Ancak, franchise sözleşmesinde, franchise alan, ilgili franchise dağıtım ağının bağımsız olmayan bir şubesi gibi görülürken, bayilik sözleşmesinde böyle bir durum söz konusu değildir. Franchise sözleşmesinde dağıtım ağına dâhil olma, bayilik sözleşmesinden çok daha kuvvetlidir. Bayi, bağımsızdır oysa franchise alanın bağımsız karar verebileceği konular çok daha sınırlıdır. Franchise sözleşmesinde franchise alan, franchise verene ait marka, işletme adı gibi tanıtıcı işaretleri kullanmalıdır, oysa bayilik sözleşmesinde bayi, yapımcının veya üreticinin markasını veya tanıtıcı işaretleri kullanma hakkı verilmeyebilir Bir başka açıdan da franchise alan kendi adını veya tanıtıcı işaretlerini kullanamaz, oysa kural olarak franchise sözleşmelerinde yeknesak bir görünüm yaratma, imaj birliği çok güçlüdür. Franchise alan, franchise verenin organizasyonuna tamamen entegre olur ve müşteriler karşısında tek bir imaj altında görünmek zorundadı Ayrıca, bayilik sözleşmesinde bayi, franchise alanın, franchise verene verdiği tarzda herhangi bir ücret ödemez
Francising Sözleşmesini tek taraflı sona erdirmek zordur. Aksi durum francising sisteminin özüne aykırıdır. Haklı bir sebep olması gerekir. Bu haklı sebepler her durumda somut verilere göre tek tek irdelenir. Haklı sebep ancak öngörülemeyen sebeplerdir. Sözleşmede ve hizmetin devamında fesih etmek isteyen firmanın öngöremediği olağan üstü fesih için aranan sözleşmenin kurulmasındaki şartlar (işlem şartları) nın sonradan değişmesi ve ya ortadan kalkması ve taraflar için sözleşmenin devamını çekilmez hale koyacak bir durumun varlığı da mevzu bahis değildir. Yani sözleşme yapıldığı sırada taraflarca öngörülmeyen veya öngörülmesi de beklenmeyen olağan üstü bir durumda mevcut değildir.
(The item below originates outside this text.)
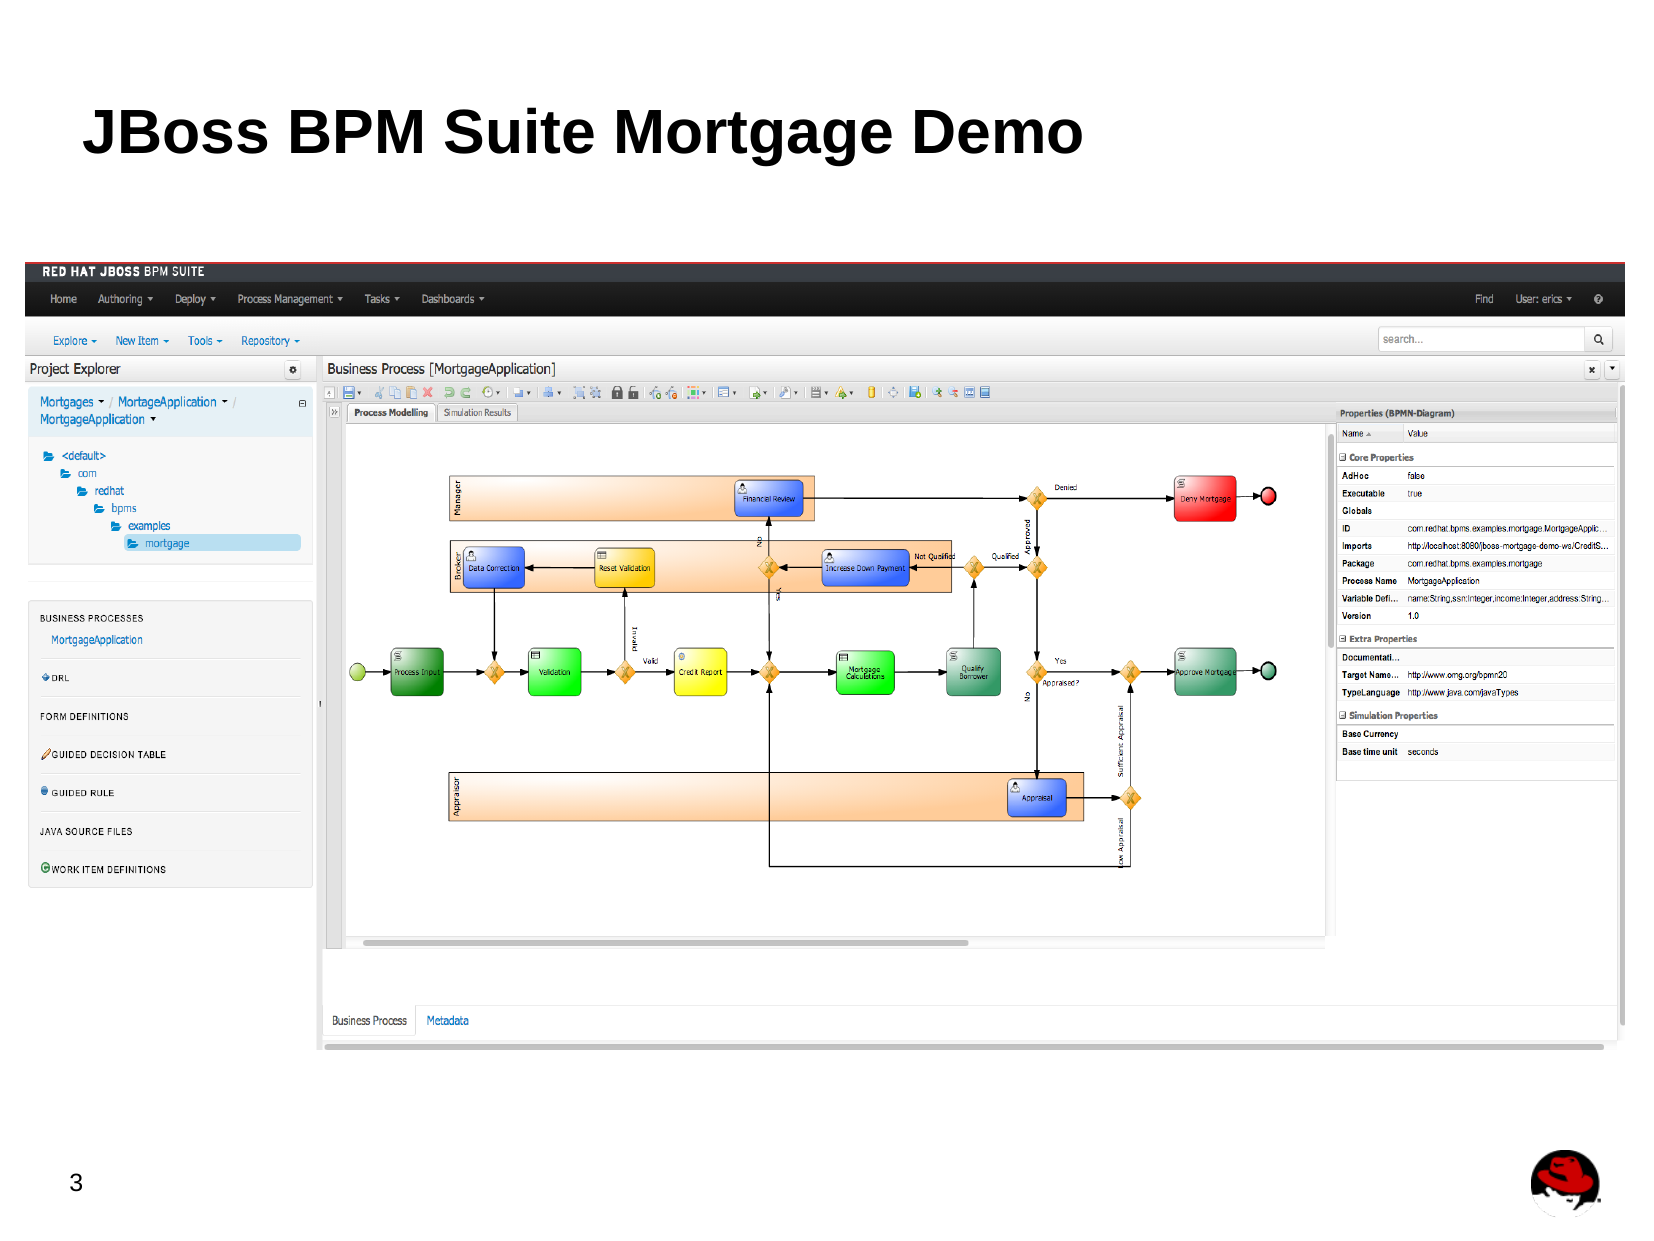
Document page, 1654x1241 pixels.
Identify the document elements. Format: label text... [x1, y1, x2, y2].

title JBoss BPM Suite Mortgage Demo [82, 49, 1571, 215]
picture [25, 262, 1625, 1051]
picture [1531, 1150, 1601, 1218]

Bahaneler ile feshi mümkün değildir. Sözleşmeye konulmasının ticarette rekabeti kısıtlayıcı, rekabete aykırı hüküm olarak kabul edilemeyeceği, kaldı ki sözleşme hükümlerinin basiretli olduğu varsayılan bir tacir olan davalı tarafça sözleşme imzalanırken incelenerek değerlendirilmesi gerekirken, sonradan fesih sebebi olarak ileri sürülmesinin de yerinde olmadığı sabittir. Örneğin davalı firmanın sözleşmedeki -sözde- emredici maddelerle kısıtlanmış rekabeti olan mağdur küçük bir işletme gibi değerlendirilmesi bu konuda verilecek kararları adaletsiz, hakkaniyetsiz bir neticeye taşır. Zira franchise sözleşmeleri zincir mağazalar için oluşturulan sözleşmelerdir. Taraflardan birisi için dışarıdan satın alma yasağı ve fiyat istikrarı getirirden, diğer taraf için de aynı bölgeye başka bir bayilik verememe yasağı getirerek adalet terazisi kurulmaktadır. Fesih iyiniyetli olmalıdır. Gerekçeler ve franchise olgusu mahkemelerce yeterince incelenmeyince kararda hatalı olmaktadır.
Hakkaniyet Tazminatı : Bazı durumlarda bir zarar bir mağduriyet olduğu bellidir ancak veriler mağduriyeti tam yansıtmamakta, tam bir netice vermemektedir. Franchising Sözleşmesinin haklı nedenle fesih hallerinde zarar somut bir şekilde tespit edilemiyorsa bu konuda Borçlar Kanunumuzda hakkaniyet tazminatı gündeme gelir. Türk Borçlar Kanunu MADDE 50- Zarar gören, zararını ve zarar verenin kusurunu ispat yükü altındadır. Uğranılan zararın miktarı tam olarak ispat edilemiyorsa hâkim, olayların olağan akışını ve zarar görenin aldığı önlemleri göz önünde tutarak, zararın miktarını hakkaniyete uygun olarak belirler.
Franchising sistemi ülkemizde ve tüm dünyada popülerliğini sürdürmektedir.